Records from a data source:

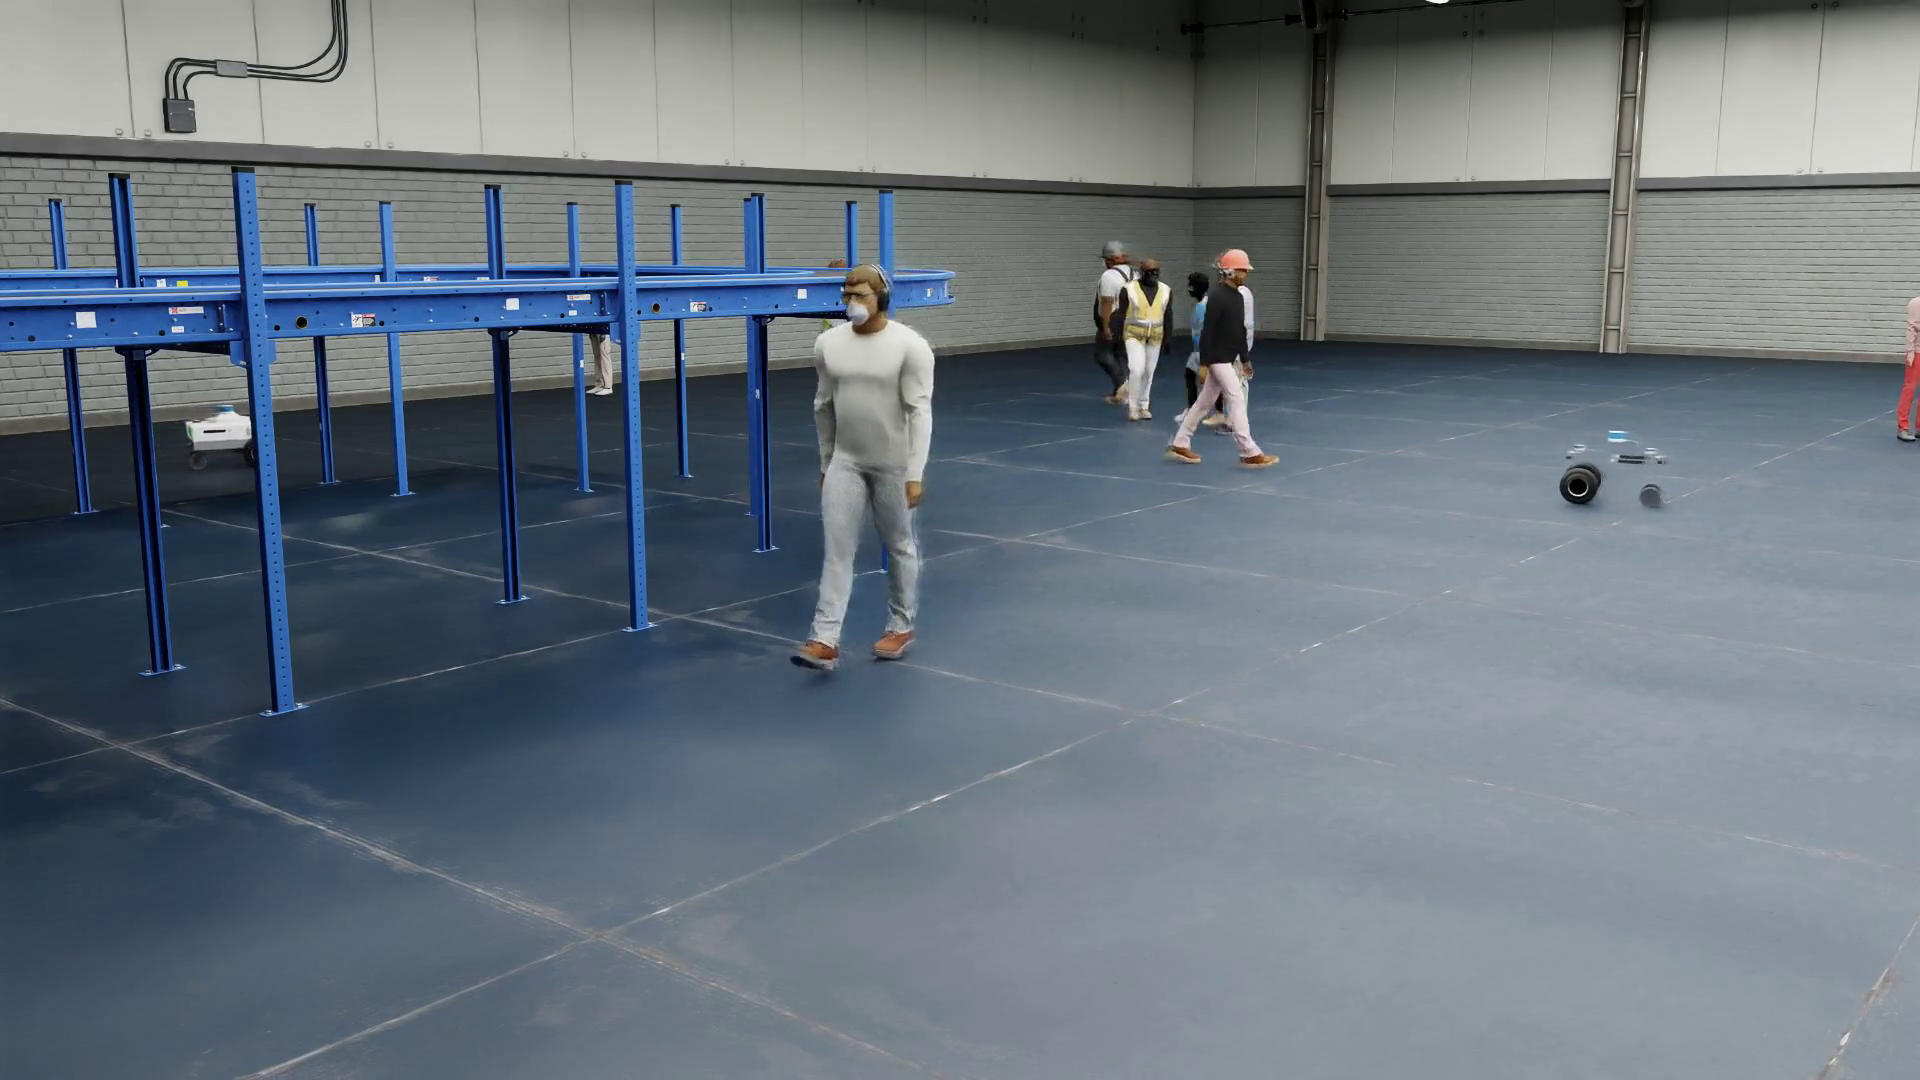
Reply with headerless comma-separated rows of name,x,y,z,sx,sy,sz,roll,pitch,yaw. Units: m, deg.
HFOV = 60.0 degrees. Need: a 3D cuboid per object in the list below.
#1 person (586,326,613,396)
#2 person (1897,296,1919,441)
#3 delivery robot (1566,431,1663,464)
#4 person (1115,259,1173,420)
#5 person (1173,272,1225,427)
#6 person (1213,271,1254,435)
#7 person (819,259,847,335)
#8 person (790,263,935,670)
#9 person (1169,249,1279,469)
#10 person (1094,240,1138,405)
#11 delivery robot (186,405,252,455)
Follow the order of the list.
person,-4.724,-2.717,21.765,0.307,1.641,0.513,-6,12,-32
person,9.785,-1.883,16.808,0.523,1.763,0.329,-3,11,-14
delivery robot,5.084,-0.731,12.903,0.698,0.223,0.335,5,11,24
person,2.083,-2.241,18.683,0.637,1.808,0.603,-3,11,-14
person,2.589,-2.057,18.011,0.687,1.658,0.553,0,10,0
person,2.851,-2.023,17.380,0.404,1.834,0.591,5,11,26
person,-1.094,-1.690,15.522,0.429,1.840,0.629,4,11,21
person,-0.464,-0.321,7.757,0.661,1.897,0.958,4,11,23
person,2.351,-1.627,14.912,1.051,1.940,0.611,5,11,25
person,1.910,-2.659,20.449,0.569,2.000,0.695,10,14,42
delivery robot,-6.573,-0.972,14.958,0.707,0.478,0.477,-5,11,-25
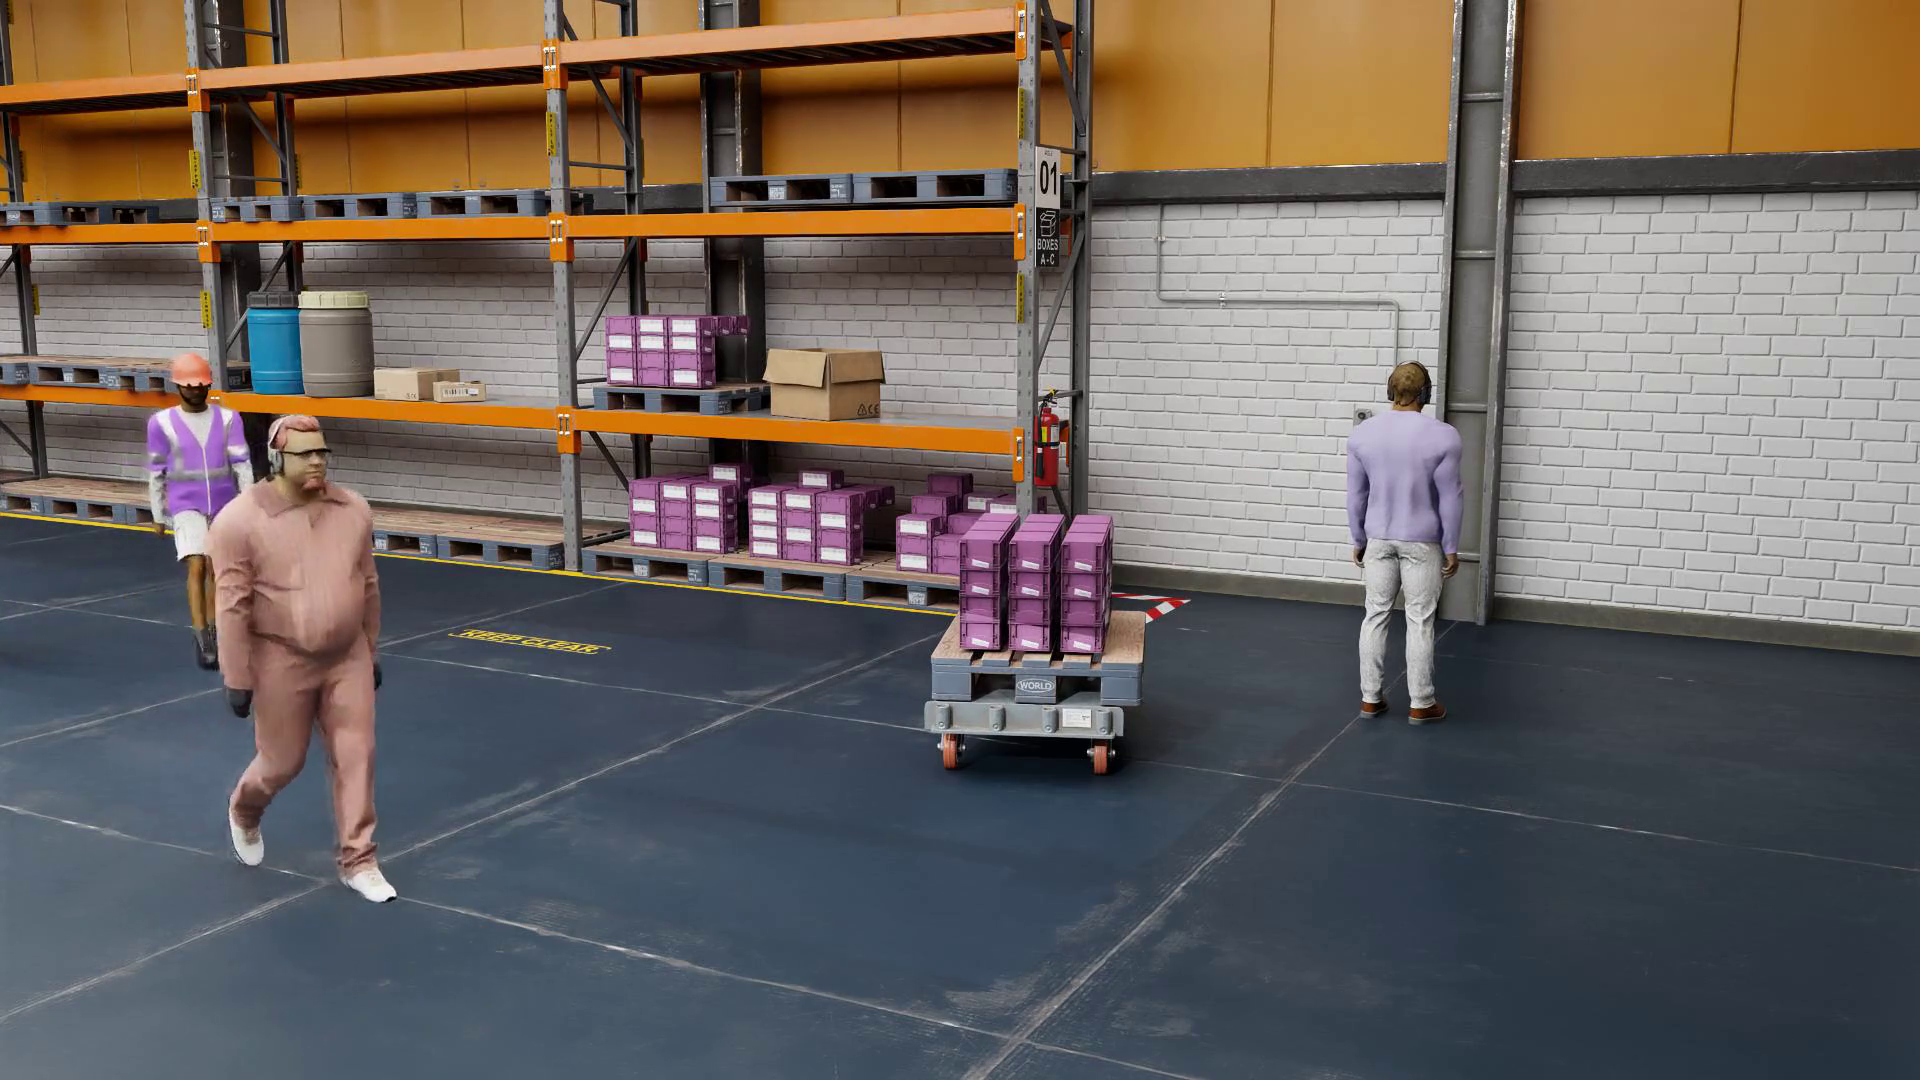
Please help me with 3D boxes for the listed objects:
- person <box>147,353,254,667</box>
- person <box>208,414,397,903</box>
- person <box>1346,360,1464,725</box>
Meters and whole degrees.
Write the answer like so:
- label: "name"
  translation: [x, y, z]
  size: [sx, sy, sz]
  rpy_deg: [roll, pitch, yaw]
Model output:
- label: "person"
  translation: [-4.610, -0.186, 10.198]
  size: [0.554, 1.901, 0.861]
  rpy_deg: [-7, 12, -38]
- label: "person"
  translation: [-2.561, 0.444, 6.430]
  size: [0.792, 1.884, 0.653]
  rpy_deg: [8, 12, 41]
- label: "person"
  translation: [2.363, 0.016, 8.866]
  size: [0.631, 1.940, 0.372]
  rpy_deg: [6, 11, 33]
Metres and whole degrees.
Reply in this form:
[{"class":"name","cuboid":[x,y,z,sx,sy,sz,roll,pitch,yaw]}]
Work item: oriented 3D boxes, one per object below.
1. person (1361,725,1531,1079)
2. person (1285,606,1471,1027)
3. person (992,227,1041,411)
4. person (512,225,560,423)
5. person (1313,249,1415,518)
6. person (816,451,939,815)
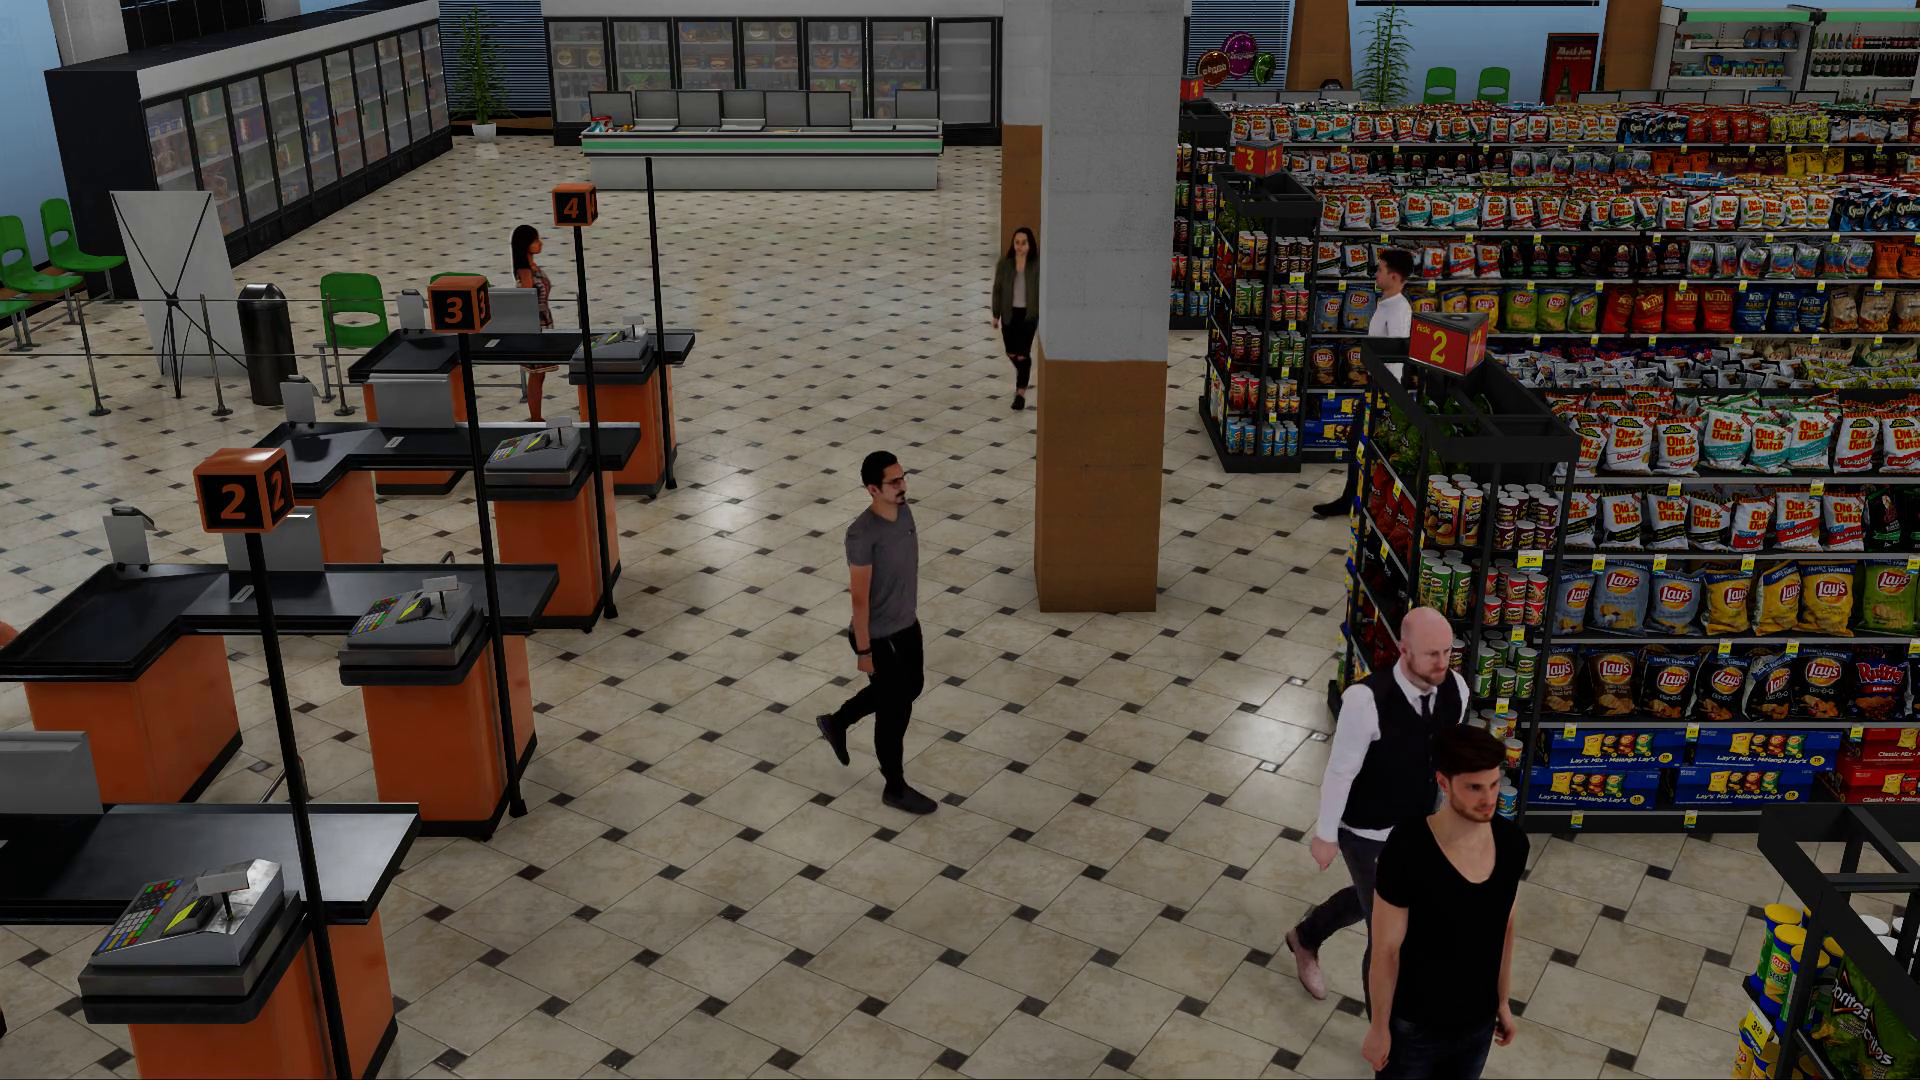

• _Directions for this task_: What you return should match the entries word for word, pictures aside.

• _Your solution_:
Reply with headerless comma-separated rows of name,x,y,z,sx,sy,sz,roll,pitch,yaw. Units: m, deg.
HFOV = 60.0 degrees. Need: a 3D cuboid per object in the list below.
#1 person (586,326,613,396)
#2 person (1897,296,1919,441)
#3 delivery robot (1566,431,1663,464)
#4 person (1115,259,1173,420)
#5 person (1173,272,1225,427)
#6 person (1213,271,1254,435)
#7 person (819,259,847,335)
#8 person (790,263,935,670)
#9 person (1169,249,1279,469)
#10 person (1094,240,1138,405)
#11 delivery robot (186,405,252,455)
Follow the order of the list.
person,-4.724,-2.717,21.765,0.307,1.641,0.513,-6,12,-32
person,9.785,-1.883,16.808,0.523,1.763,0.329,-3,11,-14
delivery robot,5.084,-0.731,12.903,0.698,0.223,0.335,5,11,24
person,2.083,-2.241,18.683,0.637,1.808,0.603,-3,11,-14
person,2.589,-2.057,18.011,0.687,1.658,0.553,0,10,0
person,2.851,-2.023,17.380,0.404,1.834,0.591,5,11,26
person,-1.094,-1.690,15.522,0.429,1.840,0.629,4,11,21
person,-0.464,-0.321,7.757,0.661,1.897,0.958,4,11,23
person,2.351,-1.627,14.912,1.051,1.940,0.611,5,11,25
person,1.910,-2.659,20.449,0.569,2.000,0.695,10,14,42
delivery robot,-6.573,-0.972,14.958,0.707,0.478,0.477,-5,11,-25
Please help me with 3D boxes for the listed objects:
- person <box>147,353,254,667</box>
- person <box>208,414,397,903</box>
- person <box>1346,360,1464,725</box>
Meters and whole degrees.
Write the answer like so:
- label: "name"
  translation: [x, y, z]
  size: [sx, sy, sz]
  rpy_deg: [roll, pitch, yaw]
Model output:
- label: "person"
  translation: [-4.610, -0.186, 10.198]
  size: [0.554, 1.901, 0.861]
  rpy_deg: [-7, 12, -38]
- label: "person"
  translation: [-2.561, 0.444, 6.430]
  size: [0.792, 1.884, 0.653]
  rpy_deg: [8, 12, 41]
- label: "person"
  translation: [2.363, 0.016, 8.866]
  size: [0.631, 1.940, 0.372]
  rpy_deg: [6, 11, 33]
Metres and whole degrees.
Reply in this form:
[{"class":"name","cuboid":[x,y,z,sx,sy,sz,roll,pitch,yaw]}]
Work item: oriented 3D boxes, one per object below.
1. person (1361,725,1531,1079)
2. person (1285,606,1471,1027)
3. person (992,227,1041,411)
4. person (512,225,560,423)
5. person (1313,249,1415,518)
6. person (816,451,939,815)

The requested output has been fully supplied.